She threw the jersey into her 'keep' pile, and broke down the box, leaving it with the others. She had only a couple left, so she dragged them over to the cushioned seat in the window, and made camp over there. The rain kept up and it was colder there, but the light was better, and it made her feel a little less dreary.

Half way through the box, she heard an engine coming up the driveway and the gravel crunching under tires. She looked down to see a silver truck slowing to a crawl and then stopping.

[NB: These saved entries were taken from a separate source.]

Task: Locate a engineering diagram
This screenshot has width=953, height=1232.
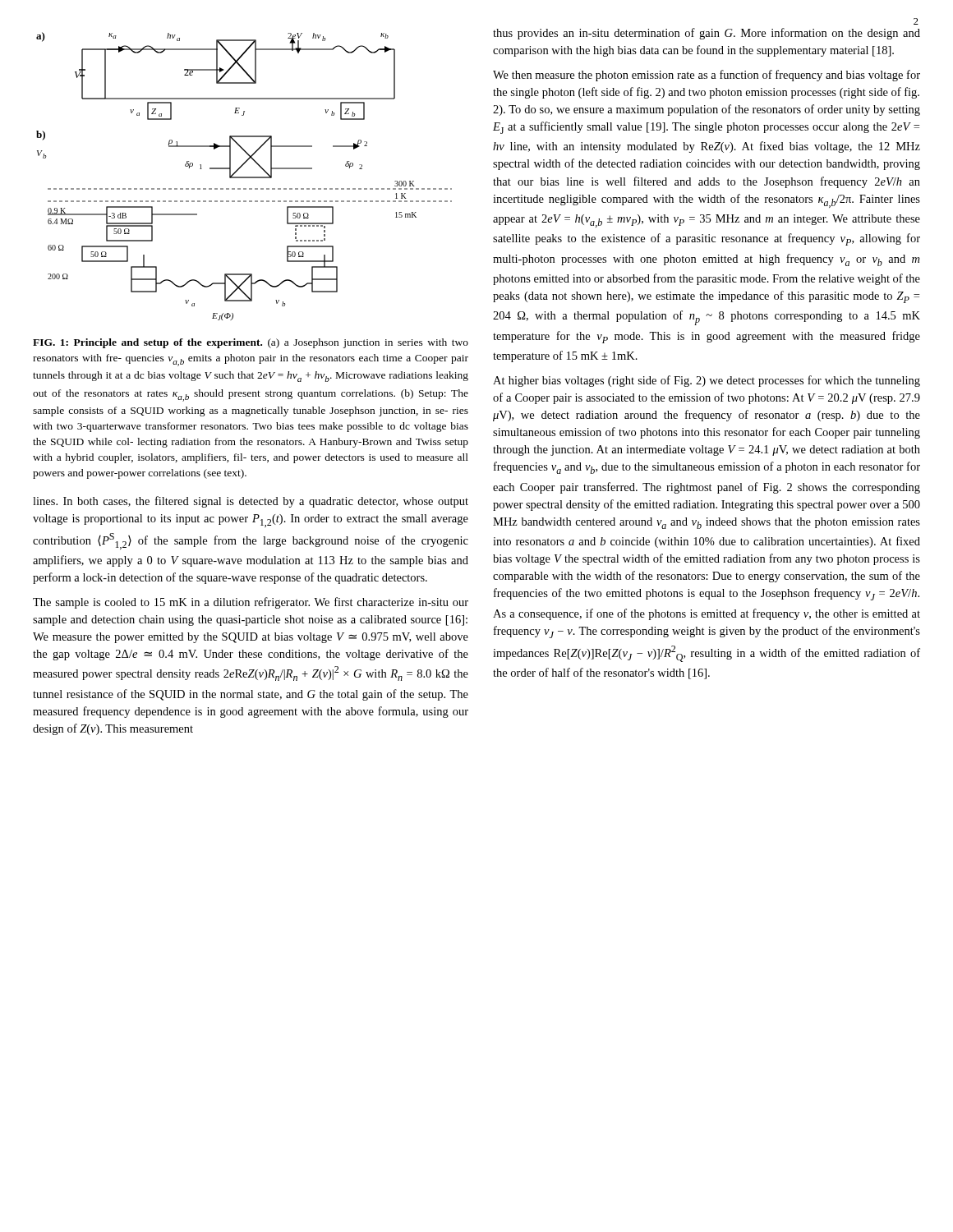Action: pyautogui.click(x=242, y=177)
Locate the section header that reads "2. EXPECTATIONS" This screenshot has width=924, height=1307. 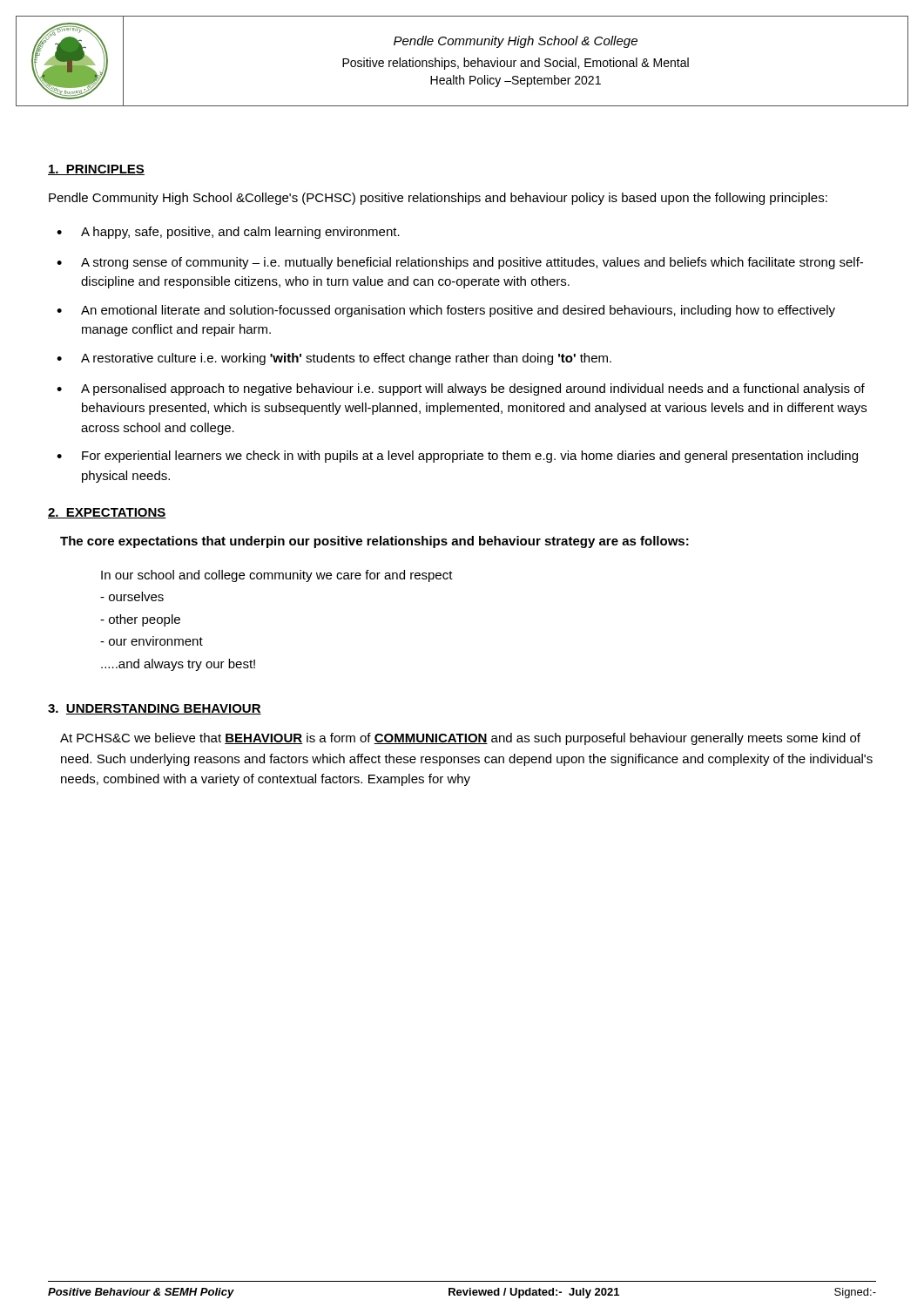click(x=107, y=512)
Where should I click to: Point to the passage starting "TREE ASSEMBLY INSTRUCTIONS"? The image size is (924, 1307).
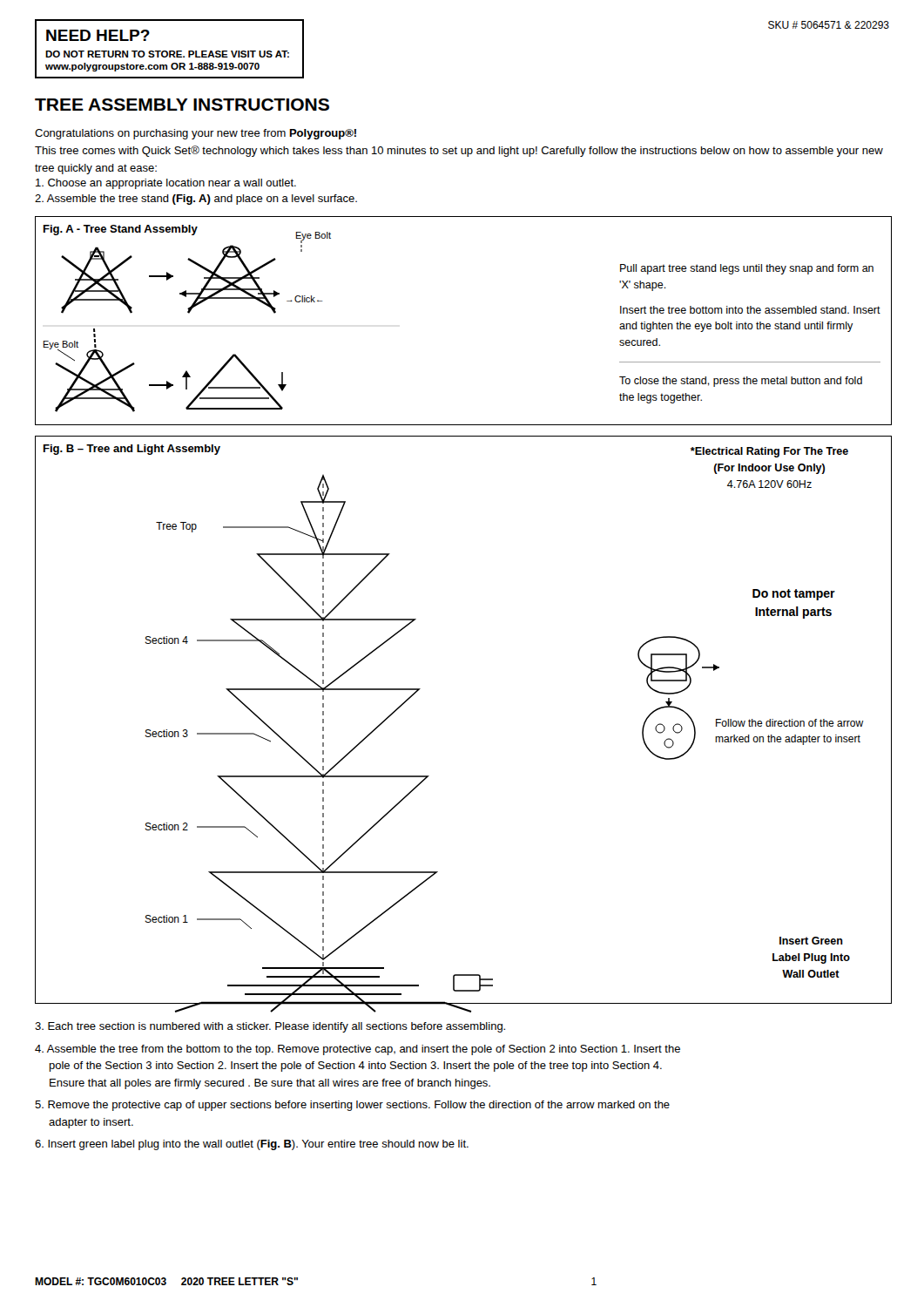(x=182, y=104)
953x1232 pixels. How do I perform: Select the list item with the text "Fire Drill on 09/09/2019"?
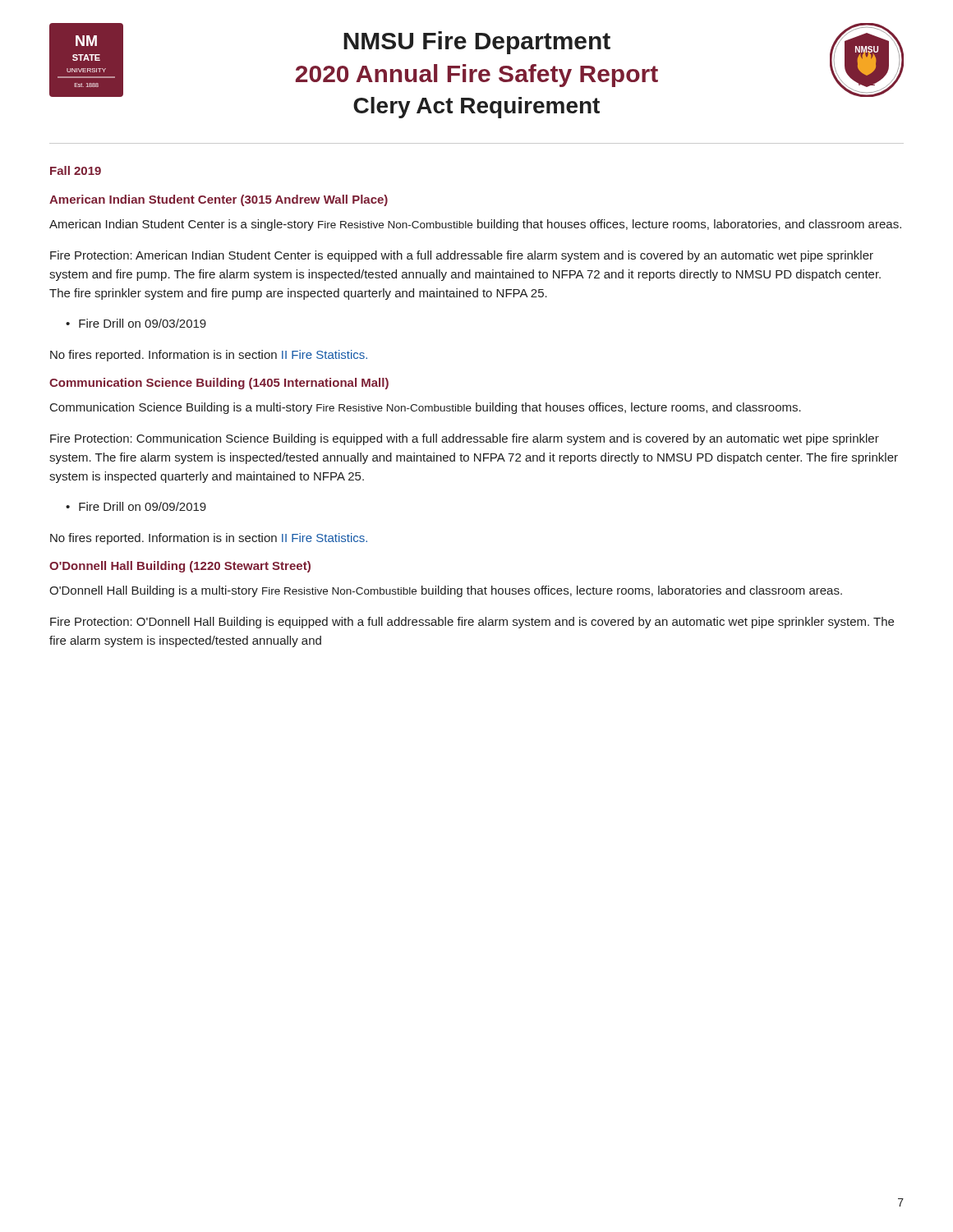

She felt her heart rate dip and then pick up considerably, and her eyebrows drew together as she wondered why he'd come on a day like today. He couldn't get much done in the rain.

She watched as the windshield wipers stopped when he cut the engine, but he didn't get out right away. It was a minute or two before she saw the door open, and he had a leather jacket pulled up high enough to protect his head from the water. He disappeared under the porch awning, and she pulled herself away from the window so she would hear him knock on the door.

She heard the muffled voices two floors below her and feet moving through the house, Sam's heavy boots. Then she heard nothing for a while. She assumed they'd gone somewhere and sat down so Andy went back to looking through her box, pulling out old books that she used to read with Ruth. Her vintage Nancy Drew collection.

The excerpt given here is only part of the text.